Что удивило, так это отношение к личному оружию. Винтовки стоят в пирамидах прямо в центральном проходе. Оружие самое разное: трехлинейные образца 1891/30, СВТ образца 1938 и 1940 годов, короткие карабины Тульского оружейного завода, явно дореволюционного выпуска. И никаких цепочек через скобы спусковых крючков. Патроны тут же в пирамидах, доверяют, однако личному составу отцы-командиры. У нас же была оружейная комната под семью замками и со звуковой сигнализацией. Патроны в отдельном сейфе хранились. И все закрыто, опечатано и недоступно. Пристраиваю свою СВТ в ряду других, магазин забираю с собой.

Находим усатого старшину, который выдает нам по тощему матрасу, еще более тощей подушке и старому до дыр протертому одеялу.

– Средний комсостав располагается на другом этаже, – сообщает старшина Костромитину.

Но тот выражает желание остаться с нами. Старшина, пожав плечами, выделяет нам место для ночевки. А вот и преемственность традиций – некрашеные деревянные табуреты, стоящие в проходах между нарами. Сажусь на один из них и стягиваю сапоги. Двадцать два года прошло, а руки сами все сделали. Портянки на перекладины табурета, сапоги под него. На сиденье ложатся ремень, гимнастерка, шаровары, пилотка. Готово. Обернувшись, натыкаюсь на взгляд Костромитина, у него все уложено так же, только вместо пилотки сверху лежит командирская фуражка.

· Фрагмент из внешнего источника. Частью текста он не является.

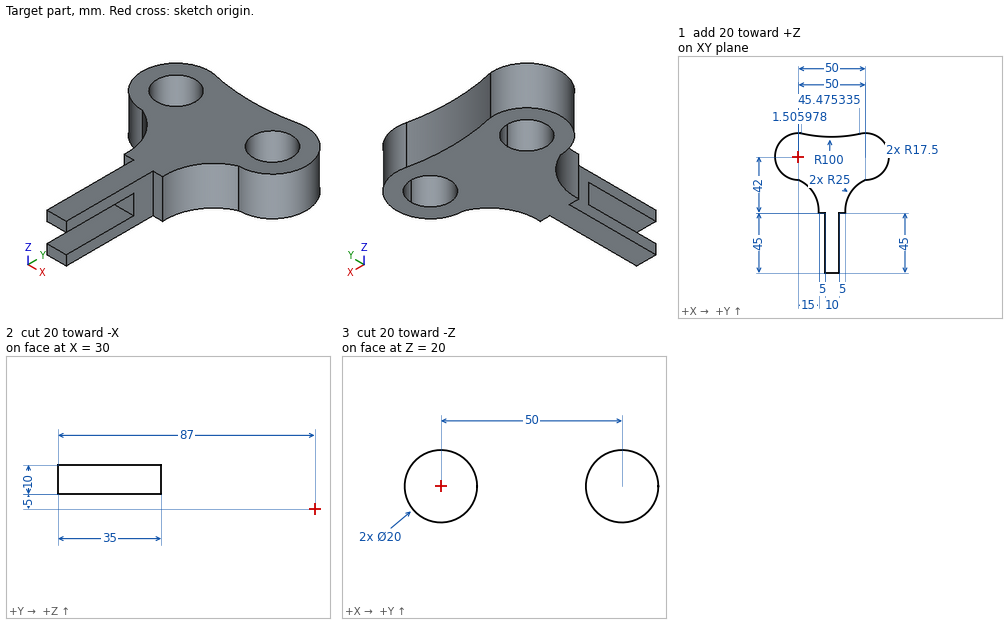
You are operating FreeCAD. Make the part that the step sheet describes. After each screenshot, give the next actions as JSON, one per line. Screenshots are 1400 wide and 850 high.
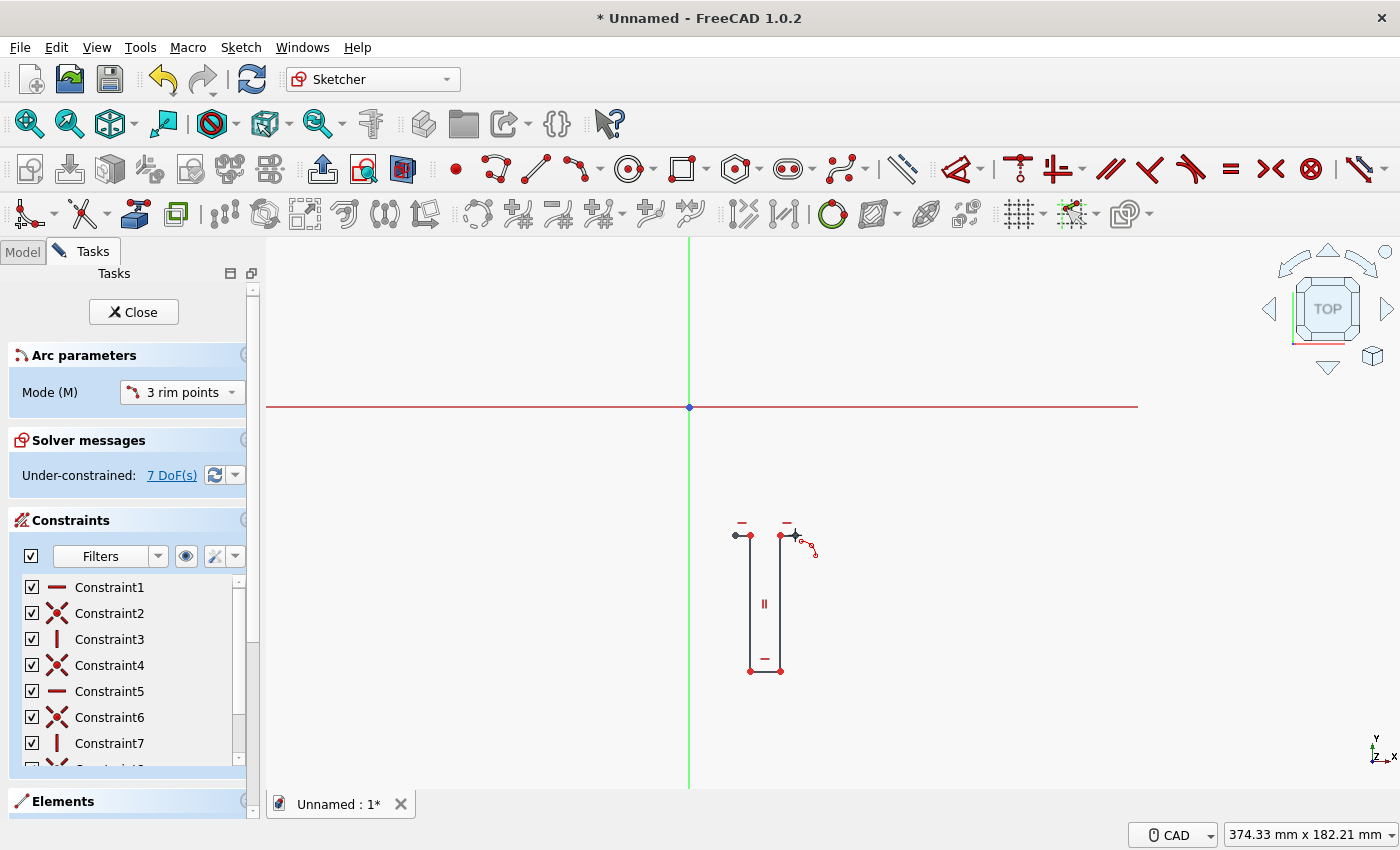
{"action": "scroll", "coordinate": [795, 535], "scroll_direction": "up", "scroll_amount": 4}
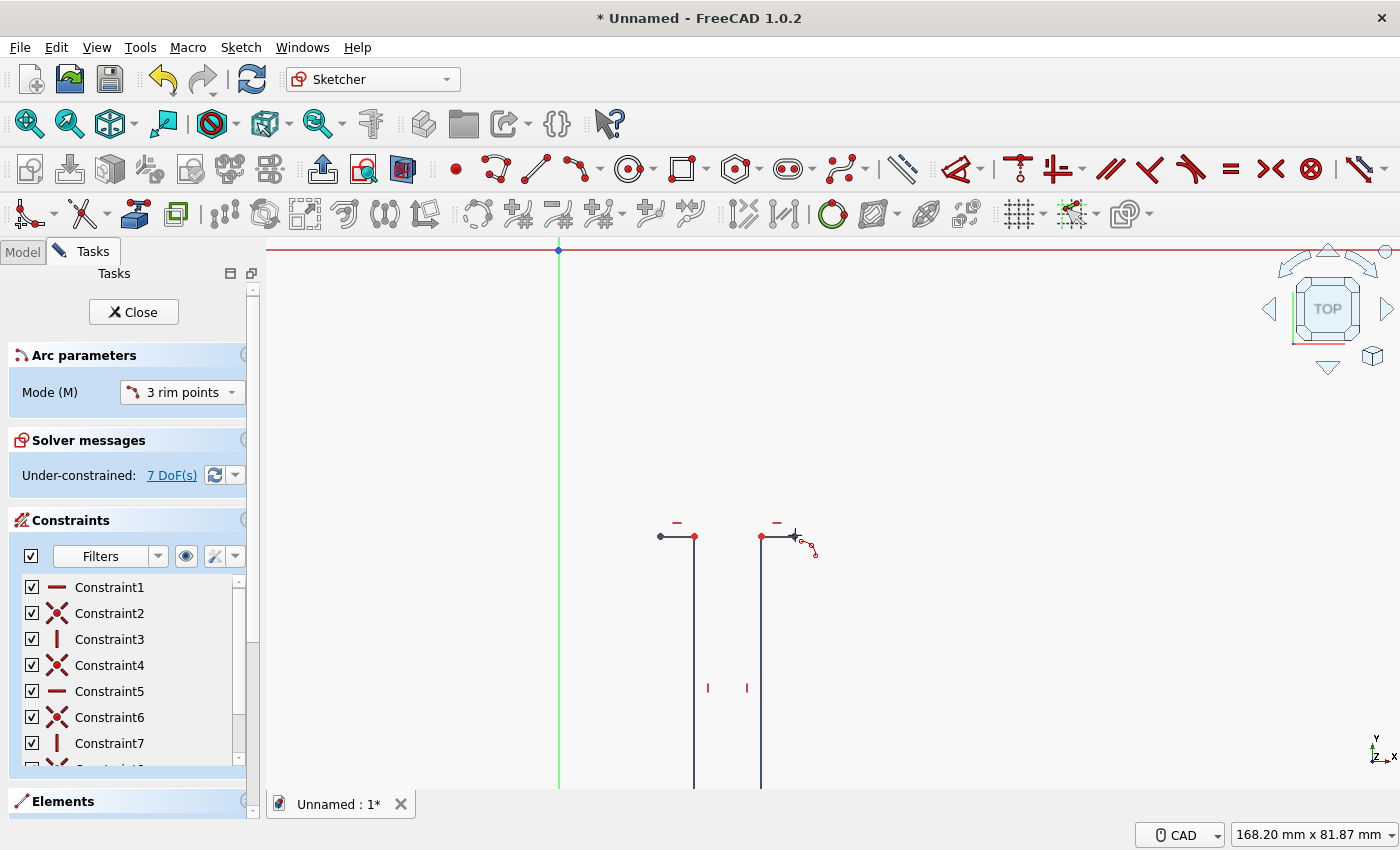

– Значит, в армии, говоришь, не служил, – не то спрашивает, не то утверждает лейтенант.

– Не служил, – подтверждаю я.

Команду «подъем» мы пытались проигнорировать, но нас поднимает на зарядку усатый старшина, оказывается, военно-бюрократическая машина уже сработала, и мы находимся в его списке. Костромитина он не трогает, но тот встает вместе с нами. На зарядку с голым торсом и пять кругов по плацу строем. С непривычки тяжело. Машем руками, отжимаемся и, наконец, возвращаемся в казарму. Утренний туалет прошел почти полностью на задержке дыхания, вонь жуткая и загажен он изрядно, а я себя не самым брезгливым человеком считаю. На завтрак перловка с тем же маслом и кусок черного хлеба. Хлеб, кстати, весьма приличный, в отличие от всего остального. Предчувствую, что постоянное полуголодное состояние мне гарантировано. Недоедают здесь все, но почти все они и размерами помельче, а для меня это становится серьезной проблемой.

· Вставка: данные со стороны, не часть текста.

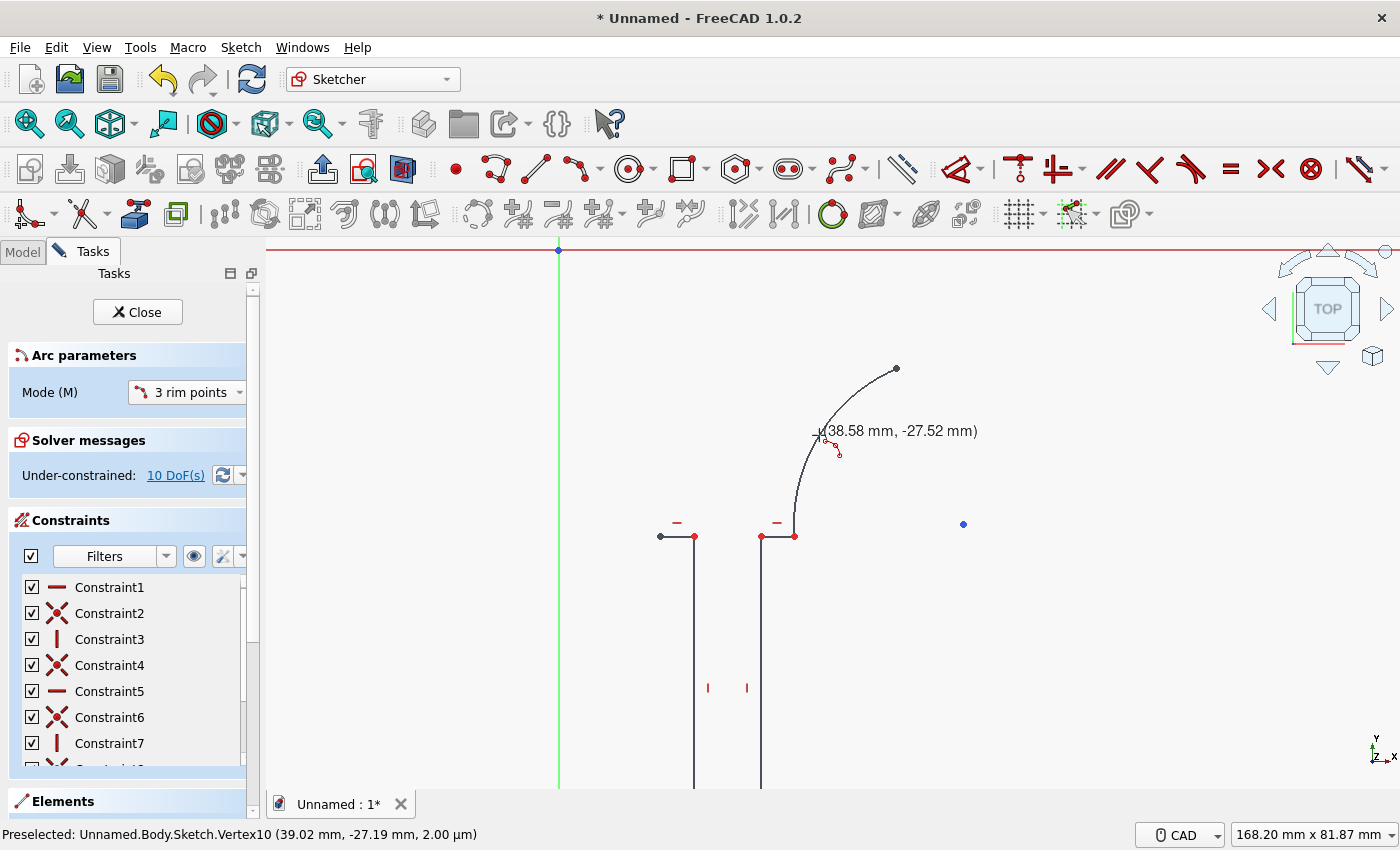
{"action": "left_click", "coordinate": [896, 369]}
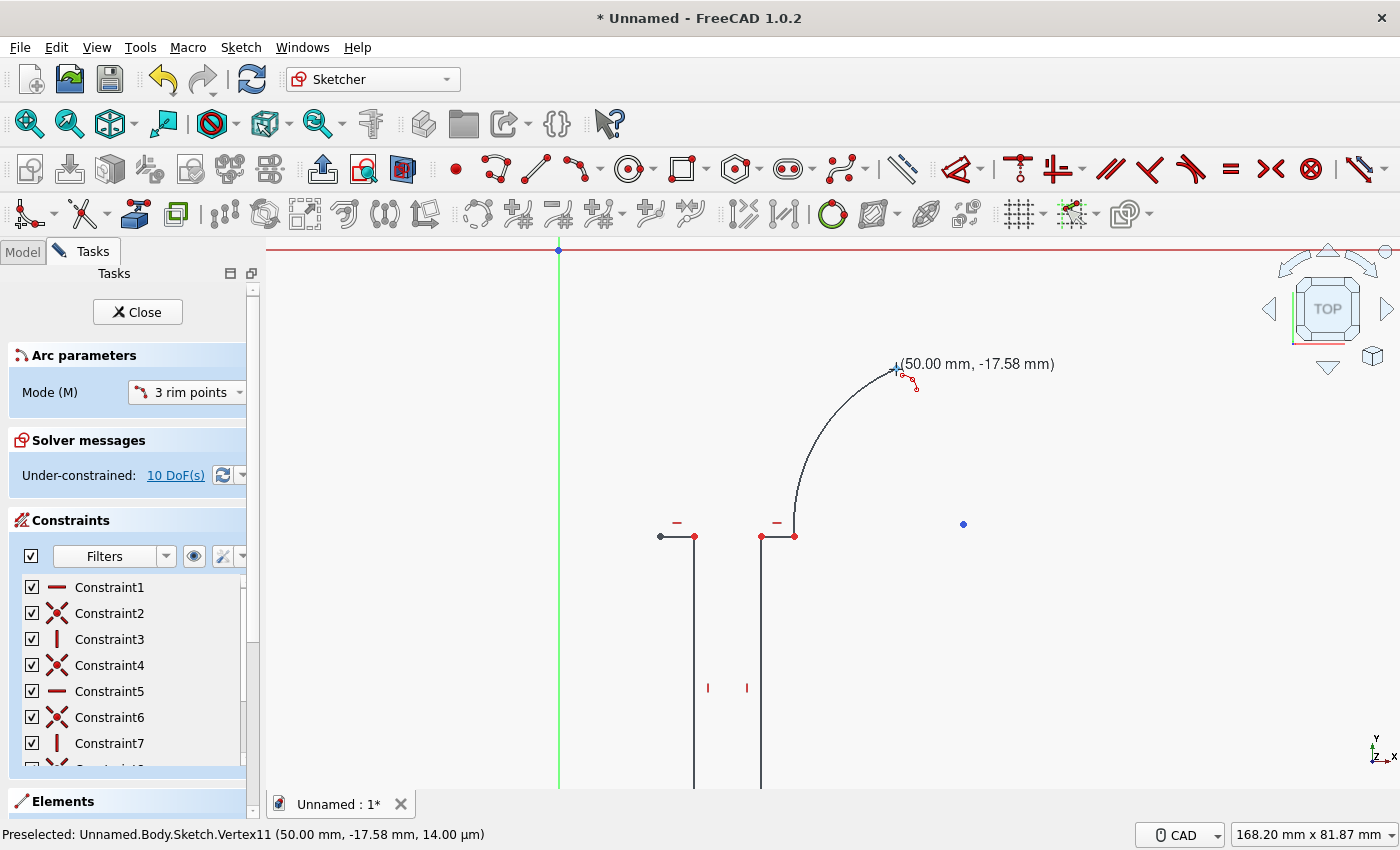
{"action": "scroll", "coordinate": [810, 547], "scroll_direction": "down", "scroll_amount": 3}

После завтрака следует утренний развод. Нас троих отправляют в полковые мастерские вместе с пушкой. В мастерских нас встречает командир с одной шпалой в петлице, как оказалось, военинженер третьего ранга. Первым делом обращает внимание не на пробитый накатник, а на ствол.

– Это что за художества?

Костромитин поясняет.

– Убрать!

И только после этого приступает к осмотру орудия. Если не считать накатника, то в остальном пушка исправна, а его нам меняют за три часа. Работают местные ремонтники не торопясь, от нашей помощи отказываются, видимо, работы у них не много. СТЗ тащит орудие обратно в парк, а там и обед подоспел. После посещения столовой чувство голода несколько притупляется, но не исчезает совсем. После обеда еще один развод, и мы отправляемся в парк. Проверка контрольного уровня, проверка уровней на платформах, проверка согласованности углов возвышения, проверка нулевых установок прицела, проверка нулевой линии прицеливания. Работа не сложная, но муторная, требует тщательности и внимания. Заканчиваем к вечернему построению, потом ужин и свободное время до отбоя.

Попав в казарму задолго до отбоя, начинаю приглядываться к ее порядкам и нахожу для себя немало интересного. Здесь нет дедовщины в нашем понимании этого слова. Нет, деление на новобранцев и старослужащих сохраняется, но оно не столь явно выражено, по крайней мере внешне. В бытовом отношении каждый обслуживает себя сам, молодые не стирают дедам портянки и не подшивают подворотнички. Скорее наоборот, это старослужащие берут шефство над молодыми, разъясняя премудрости службы, не прибегая к подзатыльникам и зуботычинам. Сержанты не используют унизительных наказаний, а если и наказывают, то всех одинаково, и старых, и молодых. Может, открытый доступ к оружию и отсутствие дедовщины это вещи тесно взаимосвязанные. В такой казарме пресловутая дедовщина не приживается, точнее ее носители долго не живут.